The construction which is described above is just a variation of the schematic given in Figure 10.28. Each of the six measurements (one for each generator) has its own block of seven ancilla qubits (but the same data block). Measuring them in a row implies that we get a state \(\ket{\psi}\) (in the data block) which is a simultaneous eigenstate of the six generators. Repeating this procedure three times and taking majority votes ensures a success probability for a correct measurement of \(O(p^2)\) (NOTE: this is not explicitly mentioned in the book but each repetition reuses the data-block output from the previous iteration. This works because errors do not propagate in the data block and hence at most one qubit is corrupted in case a single component fails).

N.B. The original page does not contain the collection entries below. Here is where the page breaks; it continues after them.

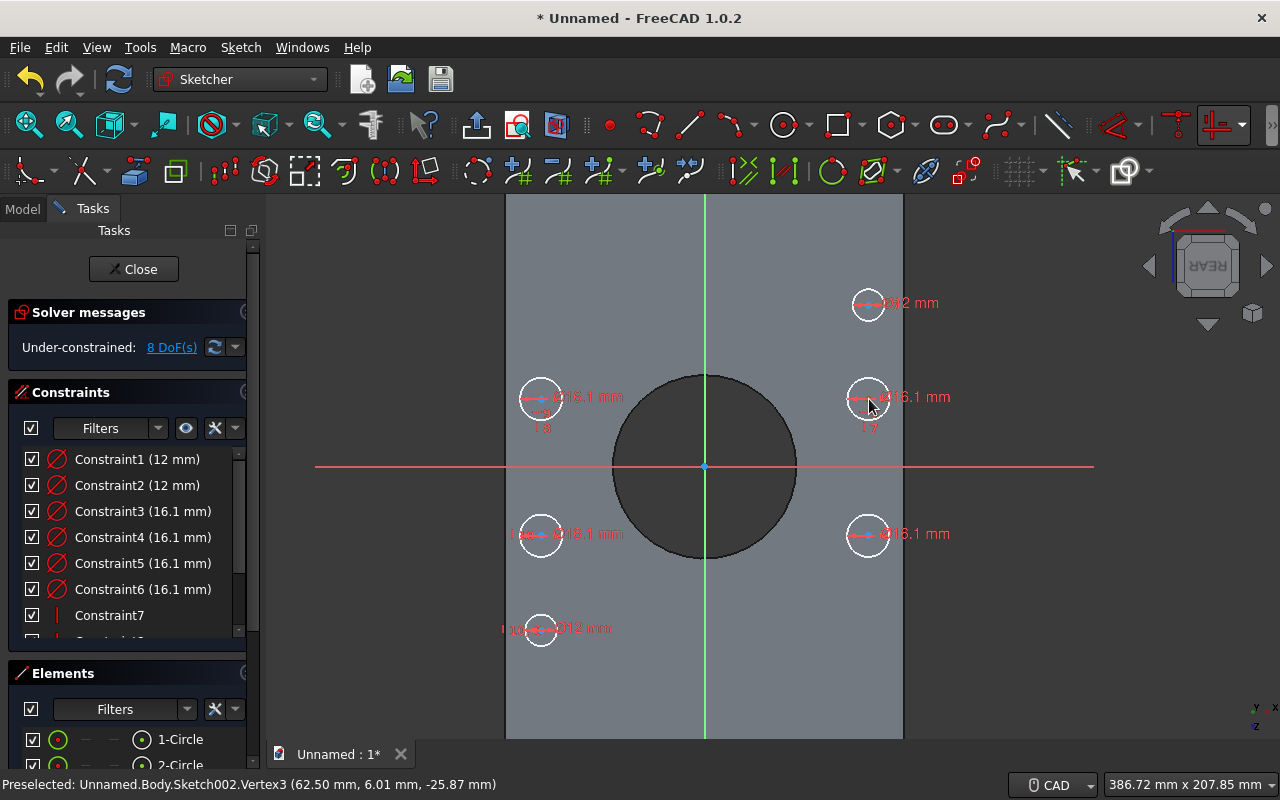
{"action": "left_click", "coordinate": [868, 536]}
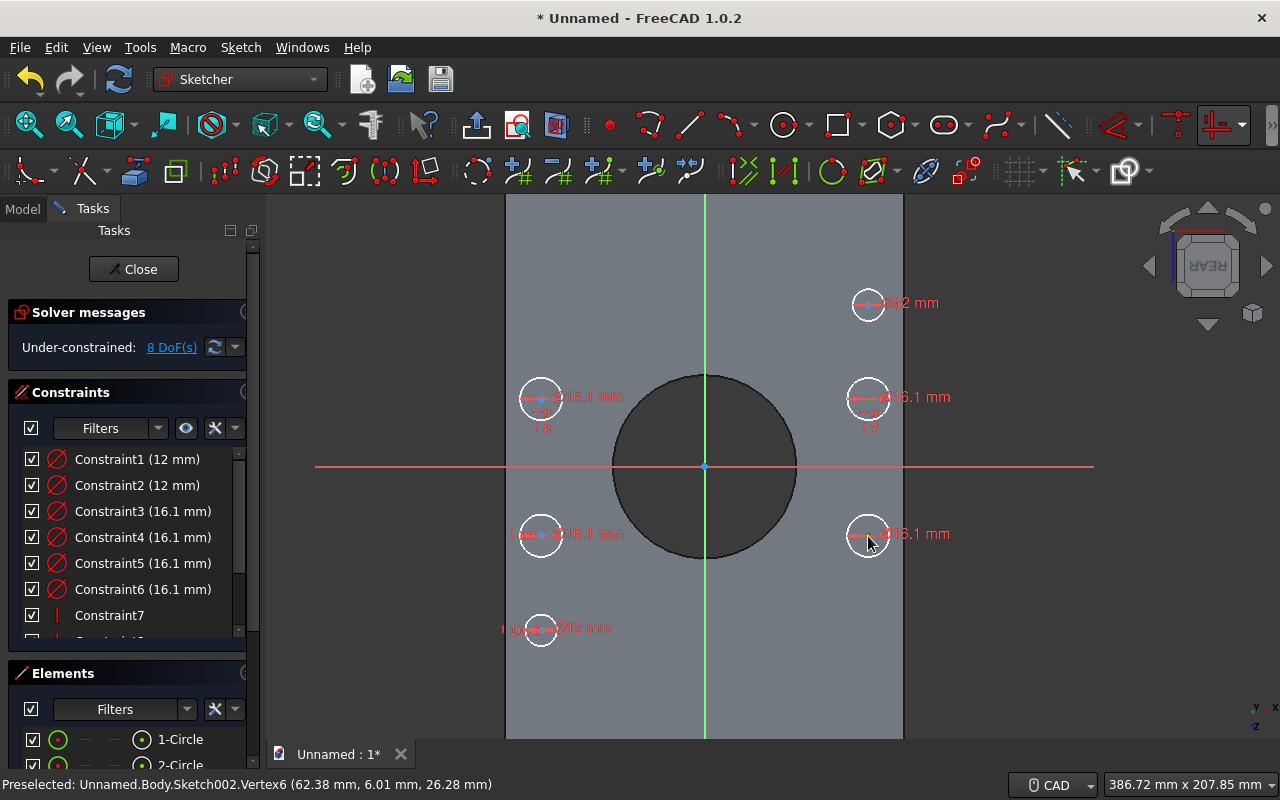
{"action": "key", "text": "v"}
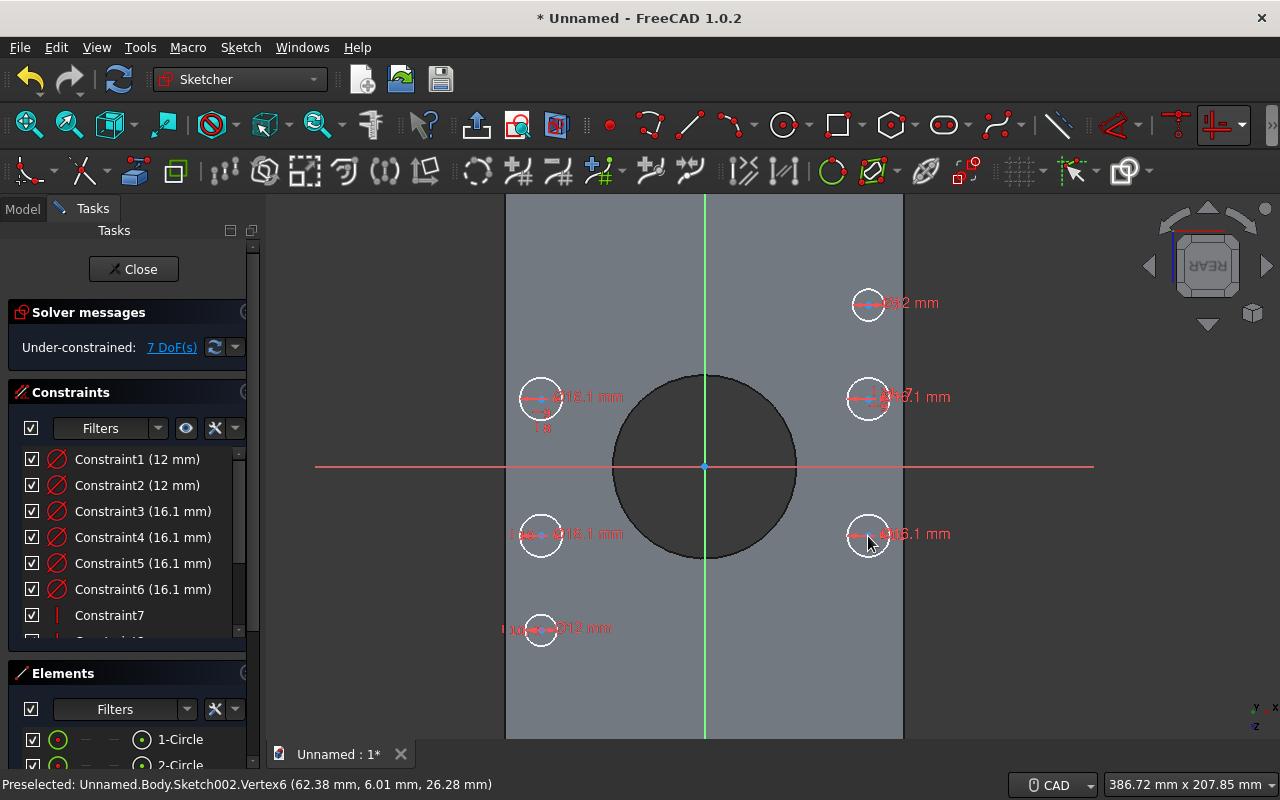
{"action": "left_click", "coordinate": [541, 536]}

As already mentioned, after all this the state \(\ket{\psi}\) is a simultaneous eigenstate of the six generators. Let us denote the measurement result by a bit vector \(b\in\BB^6\). The state \(\ket{\psi}\) is \(\ket{0_L}\) iff \(b=0^6\). Otherwise we can correct the state by treating \(b\) as a syndrome and apply operators according to the table produced in the solution of exercise 10.61.

Exercise 10.74

Construct a quantum circuit to fault-tolerantly generate the encoded \(\ket{0}\) state for the five qubit code (Section 10.5.6).

Sketch of a solution

Conceptually one does exactly the same as for the Steane code. Just have a look into exercise 10.73. I see no benefit in repeating it here.